(Entries supplied begins)

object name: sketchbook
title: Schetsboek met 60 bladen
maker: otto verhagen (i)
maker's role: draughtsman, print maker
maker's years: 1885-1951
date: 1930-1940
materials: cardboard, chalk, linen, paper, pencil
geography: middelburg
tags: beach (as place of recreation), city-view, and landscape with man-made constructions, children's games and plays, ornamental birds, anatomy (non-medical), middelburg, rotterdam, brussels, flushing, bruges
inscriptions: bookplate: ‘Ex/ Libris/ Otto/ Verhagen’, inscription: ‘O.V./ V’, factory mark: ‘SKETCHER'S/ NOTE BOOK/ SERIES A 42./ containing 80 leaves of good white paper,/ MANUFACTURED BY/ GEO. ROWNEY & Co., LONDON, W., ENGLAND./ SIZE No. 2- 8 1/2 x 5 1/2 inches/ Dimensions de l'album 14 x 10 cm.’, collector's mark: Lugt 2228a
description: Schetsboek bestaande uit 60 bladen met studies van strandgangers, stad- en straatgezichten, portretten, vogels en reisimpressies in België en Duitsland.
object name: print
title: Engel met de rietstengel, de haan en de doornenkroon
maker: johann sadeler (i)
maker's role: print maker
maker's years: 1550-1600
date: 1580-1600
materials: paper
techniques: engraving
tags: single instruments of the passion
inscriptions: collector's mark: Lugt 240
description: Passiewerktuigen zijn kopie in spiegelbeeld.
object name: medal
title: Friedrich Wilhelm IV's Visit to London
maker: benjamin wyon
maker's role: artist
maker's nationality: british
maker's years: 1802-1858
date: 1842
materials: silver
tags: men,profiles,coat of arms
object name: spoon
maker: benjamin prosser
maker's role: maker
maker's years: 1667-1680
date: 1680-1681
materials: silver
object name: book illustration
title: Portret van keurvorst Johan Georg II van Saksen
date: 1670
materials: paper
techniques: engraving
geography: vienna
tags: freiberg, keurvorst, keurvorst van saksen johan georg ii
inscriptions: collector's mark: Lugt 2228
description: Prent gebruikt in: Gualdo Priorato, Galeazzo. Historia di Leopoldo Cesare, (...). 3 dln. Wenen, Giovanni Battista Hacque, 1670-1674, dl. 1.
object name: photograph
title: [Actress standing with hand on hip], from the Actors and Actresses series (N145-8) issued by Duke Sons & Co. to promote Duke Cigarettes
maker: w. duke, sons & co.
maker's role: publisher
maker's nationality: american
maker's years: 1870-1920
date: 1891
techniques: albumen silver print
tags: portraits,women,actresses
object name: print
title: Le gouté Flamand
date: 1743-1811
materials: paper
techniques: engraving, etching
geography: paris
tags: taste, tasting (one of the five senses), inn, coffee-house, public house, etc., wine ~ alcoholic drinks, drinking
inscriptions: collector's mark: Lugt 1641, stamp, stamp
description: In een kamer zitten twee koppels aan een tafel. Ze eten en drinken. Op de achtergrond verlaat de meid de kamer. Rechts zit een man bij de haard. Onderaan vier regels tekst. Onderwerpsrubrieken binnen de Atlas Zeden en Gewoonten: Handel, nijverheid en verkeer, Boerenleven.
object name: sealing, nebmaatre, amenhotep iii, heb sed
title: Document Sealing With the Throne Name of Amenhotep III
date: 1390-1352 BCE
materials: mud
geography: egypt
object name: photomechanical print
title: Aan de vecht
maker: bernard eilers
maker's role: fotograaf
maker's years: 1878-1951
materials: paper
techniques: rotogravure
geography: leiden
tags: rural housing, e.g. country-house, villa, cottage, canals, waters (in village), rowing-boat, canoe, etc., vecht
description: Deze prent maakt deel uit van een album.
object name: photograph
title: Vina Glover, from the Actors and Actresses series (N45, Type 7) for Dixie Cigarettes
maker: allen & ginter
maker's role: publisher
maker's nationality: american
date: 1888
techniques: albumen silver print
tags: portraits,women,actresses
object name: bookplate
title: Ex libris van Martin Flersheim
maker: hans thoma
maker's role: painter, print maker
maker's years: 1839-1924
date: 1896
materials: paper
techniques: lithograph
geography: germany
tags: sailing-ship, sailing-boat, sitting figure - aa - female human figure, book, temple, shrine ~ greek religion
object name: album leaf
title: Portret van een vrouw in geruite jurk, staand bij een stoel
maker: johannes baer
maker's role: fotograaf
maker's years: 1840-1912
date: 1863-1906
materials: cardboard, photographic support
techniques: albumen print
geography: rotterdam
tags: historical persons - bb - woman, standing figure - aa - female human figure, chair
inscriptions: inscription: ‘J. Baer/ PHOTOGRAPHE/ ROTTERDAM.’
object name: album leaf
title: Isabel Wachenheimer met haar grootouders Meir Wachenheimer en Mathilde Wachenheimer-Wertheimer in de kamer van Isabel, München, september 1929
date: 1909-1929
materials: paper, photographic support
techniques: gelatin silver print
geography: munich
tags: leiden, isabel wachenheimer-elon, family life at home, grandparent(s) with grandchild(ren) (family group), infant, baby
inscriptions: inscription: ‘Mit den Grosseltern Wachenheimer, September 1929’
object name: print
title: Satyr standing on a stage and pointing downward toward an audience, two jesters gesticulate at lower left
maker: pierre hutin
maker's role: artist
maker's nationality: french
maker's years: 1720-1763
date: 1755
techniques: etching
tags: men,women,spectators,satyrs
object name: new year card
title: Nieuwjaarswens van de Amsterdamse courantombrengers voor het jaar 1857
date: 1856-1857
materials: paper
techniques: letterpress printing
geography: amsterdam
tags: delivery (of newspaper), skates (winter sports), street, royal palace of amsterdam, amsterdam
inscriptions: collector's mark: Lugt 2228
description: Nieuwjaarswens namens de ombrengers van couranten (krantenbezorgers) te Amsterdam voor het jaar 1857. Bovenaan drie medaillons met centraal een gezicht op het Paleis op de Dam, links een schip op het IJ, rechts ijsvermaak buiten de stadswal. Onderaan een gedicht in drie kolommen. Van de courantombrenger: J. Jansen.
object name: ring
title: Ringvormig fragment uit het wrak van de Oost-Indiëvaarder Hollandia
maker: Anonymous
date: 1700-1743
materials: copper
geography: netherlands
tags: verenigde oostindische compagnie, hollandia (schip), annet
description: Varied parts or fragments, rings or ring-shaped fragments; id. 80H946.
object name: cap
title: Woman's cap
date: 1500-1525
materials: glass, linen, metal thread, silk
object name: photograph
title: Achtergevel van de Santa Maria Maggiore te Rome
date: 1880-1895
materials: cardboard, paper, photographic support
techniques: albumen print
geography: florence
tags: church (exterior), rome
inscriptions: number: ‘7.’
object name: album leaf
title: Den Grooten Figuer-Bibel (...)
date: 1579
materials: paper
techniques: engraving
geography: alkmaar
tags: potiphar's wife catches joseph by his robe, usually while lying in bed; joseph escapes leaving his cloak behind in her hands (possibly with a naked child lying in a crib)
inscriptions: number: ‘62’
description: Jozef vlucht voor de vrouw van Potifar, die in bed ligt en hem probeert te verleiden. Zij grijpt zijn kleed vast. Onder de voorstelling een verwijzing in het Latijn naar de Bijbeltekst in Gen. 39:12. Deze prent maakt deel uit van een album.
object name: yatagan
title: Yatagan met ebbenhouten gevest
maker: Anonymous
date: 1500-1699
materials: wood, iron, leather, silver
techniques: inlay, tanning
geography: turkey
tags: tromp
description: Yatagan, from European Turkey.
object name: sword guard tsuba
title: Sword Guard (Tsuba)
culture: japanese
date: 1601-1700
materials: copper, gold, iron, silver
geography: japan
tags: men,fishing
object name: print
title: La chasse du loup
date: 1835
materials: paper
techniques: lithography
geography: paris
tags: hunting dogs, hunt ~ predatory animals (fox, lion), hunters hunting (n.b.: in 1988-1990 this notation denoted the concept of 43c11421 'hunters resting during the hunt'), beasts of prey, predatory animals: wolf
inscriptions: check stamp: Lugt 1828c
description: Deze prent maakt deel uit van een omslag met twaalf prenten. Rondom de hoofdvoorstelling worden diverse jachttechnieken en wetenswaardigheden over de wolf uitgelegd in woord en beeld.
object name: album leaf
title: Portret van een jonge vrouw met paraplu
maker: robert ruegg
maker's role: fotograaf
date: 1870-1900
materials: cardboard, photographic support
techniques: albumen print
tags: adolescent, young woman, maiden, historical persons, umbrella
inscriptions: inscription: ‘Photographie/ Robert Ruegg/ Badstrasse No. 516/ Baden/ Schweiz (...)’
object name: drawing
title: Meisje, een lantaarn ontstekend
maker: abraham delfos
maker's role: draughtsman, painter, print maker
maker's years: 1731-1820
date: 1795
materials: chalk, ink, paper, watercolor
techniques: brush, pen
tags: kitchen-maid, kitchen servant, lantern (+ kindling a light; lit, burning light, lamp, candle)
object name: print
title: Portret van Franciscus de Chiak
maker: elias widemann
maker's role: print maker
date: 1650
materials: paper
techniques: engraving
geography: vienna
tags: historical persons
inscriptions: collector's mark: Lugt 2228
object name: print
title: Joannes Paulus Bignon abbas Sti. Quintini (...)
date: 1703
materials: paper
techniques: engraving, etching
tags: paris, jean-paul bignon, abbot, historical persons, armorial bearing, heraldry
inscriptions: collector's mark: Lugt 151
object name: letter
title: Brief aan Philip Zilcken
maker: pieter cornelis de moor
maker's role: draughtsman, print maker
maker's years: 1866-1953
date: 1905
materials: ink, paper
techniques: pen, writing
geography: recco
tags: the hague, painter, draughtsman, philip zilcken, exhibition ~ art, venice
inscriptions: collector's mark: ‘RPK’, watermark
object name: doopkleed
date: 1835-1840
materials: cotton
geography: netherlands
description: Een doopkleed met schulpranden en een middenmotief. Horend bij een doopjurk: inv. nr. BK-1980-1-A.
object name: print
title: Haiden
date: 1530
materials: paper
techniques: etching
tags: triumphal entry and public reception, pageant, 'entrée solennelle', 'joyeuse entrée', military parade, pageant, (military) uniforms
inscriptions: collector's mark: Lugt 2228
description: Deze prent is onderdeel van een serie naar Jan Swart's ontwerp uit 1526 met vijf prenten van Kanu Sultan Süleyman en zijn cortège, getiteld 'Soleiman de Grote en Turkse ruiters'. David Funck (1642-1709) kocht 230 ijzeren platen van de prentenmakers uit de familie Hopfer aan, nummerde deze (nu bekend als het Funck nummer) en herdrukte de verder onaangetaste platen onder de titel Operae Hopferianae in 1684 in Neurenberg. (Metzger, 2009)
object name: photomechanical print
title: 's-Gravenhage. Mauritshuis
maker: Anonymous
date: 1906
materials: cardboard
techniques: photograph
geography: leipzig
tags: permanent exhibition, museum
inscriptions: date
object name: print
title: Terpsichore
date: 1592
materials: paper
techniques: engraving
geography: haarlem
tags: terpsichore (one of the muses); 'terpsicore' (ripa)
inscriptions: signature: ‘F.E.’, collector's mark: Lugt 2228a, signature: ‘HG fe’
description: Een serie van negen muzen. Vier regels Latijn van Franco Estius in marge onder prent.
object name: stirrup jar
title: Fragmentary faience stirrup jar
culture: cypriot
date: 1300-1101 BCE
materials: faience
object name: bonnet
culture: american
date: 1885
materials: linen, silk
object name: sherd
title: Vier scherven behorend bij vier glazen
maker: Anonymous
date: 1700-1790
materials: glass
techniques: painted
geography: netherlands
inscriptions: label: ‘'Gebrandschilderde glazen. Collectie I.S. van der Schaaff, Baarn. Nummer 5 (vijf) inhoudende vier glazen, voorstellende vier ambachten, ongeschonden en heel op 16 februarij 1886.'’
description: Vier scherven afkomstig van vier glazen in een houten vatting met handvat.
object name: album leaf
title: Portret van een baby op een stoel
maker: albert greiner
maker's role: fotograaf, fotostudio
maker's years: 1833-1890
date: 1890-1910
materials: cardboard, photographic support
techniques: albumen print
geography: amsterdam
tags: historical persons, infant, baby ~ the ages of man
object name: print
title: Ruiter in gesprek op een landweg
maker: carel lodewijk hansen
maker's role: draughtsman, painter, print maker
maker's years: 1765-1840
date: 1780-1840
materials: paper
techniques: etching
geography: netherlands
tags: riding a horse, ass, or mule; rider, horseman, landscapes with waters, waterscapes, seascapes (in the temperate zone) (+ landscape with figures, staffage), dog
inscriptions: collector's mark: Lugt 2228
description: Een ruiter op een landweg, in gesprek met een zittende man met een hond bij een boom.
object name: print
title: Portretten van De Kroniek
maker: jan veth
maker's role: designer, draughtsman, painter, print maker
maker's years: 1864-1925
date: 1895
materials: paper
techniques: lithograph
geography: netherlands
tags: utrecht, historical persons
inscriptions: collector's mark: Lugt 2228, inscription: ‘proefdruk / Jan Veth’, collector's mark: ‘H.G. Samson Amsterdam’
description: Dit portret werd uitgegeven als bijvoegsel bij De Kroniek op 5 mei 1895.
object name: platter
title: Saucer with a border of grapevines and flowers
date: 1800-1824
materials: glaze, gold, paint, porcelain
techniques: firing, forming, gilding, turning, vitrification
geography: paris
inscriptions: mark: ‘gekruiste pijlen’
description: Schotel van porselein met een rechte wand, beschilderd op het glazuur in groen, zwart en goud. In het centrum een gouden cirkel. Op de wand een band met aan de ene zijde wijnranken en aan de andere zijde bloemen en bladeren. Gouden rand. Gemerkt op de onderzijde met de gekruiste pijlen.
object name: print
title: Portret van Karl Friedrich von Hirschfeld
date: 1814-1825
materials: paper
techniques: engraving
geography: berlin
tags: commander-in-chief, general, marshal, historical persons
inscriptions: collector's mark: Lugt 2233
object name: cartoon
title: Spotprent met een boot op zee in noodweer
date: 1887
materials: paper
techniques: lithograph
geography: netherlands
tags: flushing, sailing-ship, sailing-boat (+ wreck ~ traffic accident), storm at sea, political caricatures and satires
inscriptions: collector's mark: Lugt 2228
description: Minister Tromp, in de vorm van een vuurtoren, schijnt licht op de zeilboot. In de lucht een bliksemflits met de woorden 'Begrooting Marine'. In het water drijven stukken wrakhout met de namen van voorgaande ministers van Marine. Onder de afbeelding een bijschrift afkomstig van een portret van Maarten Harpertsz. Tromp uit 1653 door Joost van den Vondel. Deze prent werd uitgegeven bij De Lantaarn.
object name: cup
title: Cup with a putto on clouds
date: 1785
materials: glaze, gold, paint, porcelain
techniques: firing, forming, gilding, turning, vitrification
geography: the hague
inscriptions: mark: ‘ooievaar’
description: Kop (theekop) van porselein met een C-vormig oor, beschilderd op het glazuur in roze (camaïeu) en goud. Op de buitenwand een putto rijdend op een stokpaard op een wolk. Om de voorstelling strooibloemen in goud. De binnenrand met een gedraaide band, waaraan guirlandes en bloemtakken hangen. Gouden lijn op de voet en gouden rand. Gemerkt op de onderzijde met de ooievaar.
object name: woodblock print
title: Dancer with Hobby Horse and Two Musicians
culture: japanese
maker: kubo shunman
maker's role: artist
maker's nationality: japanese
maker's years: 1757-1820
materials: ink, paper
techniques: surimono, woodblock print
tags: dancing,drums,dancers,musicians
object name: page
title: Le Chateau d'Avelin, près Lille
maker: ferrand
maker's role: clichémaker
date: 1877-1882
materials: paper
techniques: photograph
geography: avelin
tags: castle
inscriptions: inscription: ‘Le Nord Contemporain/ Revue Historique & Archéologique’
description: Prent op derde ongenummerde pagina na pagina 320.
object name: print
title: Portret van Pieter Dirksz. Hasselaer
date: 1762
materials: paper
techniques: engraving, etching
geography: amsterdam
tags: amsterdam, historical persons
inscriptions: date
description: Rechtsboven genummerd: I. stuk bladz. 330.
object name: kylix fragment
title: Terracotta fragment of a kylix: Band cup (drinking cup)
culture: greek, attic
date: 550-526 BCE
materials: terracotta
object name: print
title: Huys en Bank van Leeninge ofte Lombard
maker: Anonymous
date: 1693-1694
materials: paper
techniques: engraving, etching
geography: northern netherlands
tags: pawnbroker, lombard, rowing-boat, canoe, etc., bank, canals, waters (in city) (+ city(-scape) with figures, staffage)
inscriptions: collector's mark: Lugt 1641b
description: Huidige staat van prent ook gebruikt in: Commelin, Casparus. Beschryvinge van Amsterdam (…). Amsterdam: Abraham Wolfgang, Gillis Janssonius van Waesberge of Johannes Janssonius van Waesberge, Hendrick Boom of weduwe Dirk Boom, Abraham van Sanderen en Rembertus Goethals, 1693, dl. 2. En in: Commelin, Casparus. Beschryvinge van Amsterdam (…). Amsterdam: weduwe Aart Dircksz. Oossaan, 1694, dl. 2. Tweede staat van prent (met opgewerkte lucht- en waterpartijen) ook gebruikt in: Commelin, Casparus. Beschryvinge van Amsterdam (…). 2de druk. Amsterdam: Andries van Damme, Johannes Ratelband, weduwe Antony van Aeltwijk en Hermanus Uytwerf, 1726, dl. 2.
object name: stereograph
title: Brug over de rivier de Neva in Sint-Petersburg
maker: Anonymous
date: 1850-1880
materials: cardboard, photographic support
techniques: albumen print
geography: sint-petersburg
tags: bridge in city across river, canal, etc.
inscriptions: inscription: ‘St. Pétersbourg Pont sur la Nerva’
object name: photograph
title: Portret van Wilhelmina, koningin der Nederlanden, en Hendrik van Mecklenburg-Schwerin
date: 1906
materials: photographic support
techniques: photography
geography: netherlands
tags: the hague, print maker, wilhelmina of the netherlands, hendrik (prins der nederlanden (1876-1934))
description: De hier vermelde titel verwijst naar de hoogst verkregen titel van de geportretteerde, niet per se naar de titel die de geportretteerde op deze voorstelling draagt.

(Entries supplied ends)

Above are the records; print exactly the lines from the line with "culture: cypriot" to the line with "inscriptions: label: ‘'Gebrandschilderde", including both, and nothing else.

_Answer for the task_
culture: cypriot
date: 1300-1101 BCE
materials: faience
object name: bonnet
culture: american
date: 1885
materials: linen, silk
object name: sherd
title: Vier scherven behorend bij vier glazen
maker: Anonymous
date: 1700-1790
materials: glass
techniques: painted
geography: netherlands
inscriptions: label: ‘'Gebrandschilderde glazen. Collectie I.S. van der Schaaff, Baarn. Nummer 5 (vijf) inhoudende vier glazen, voorstellende vier ambachten, ongeschonden en heel op 16 februarij 1886.'’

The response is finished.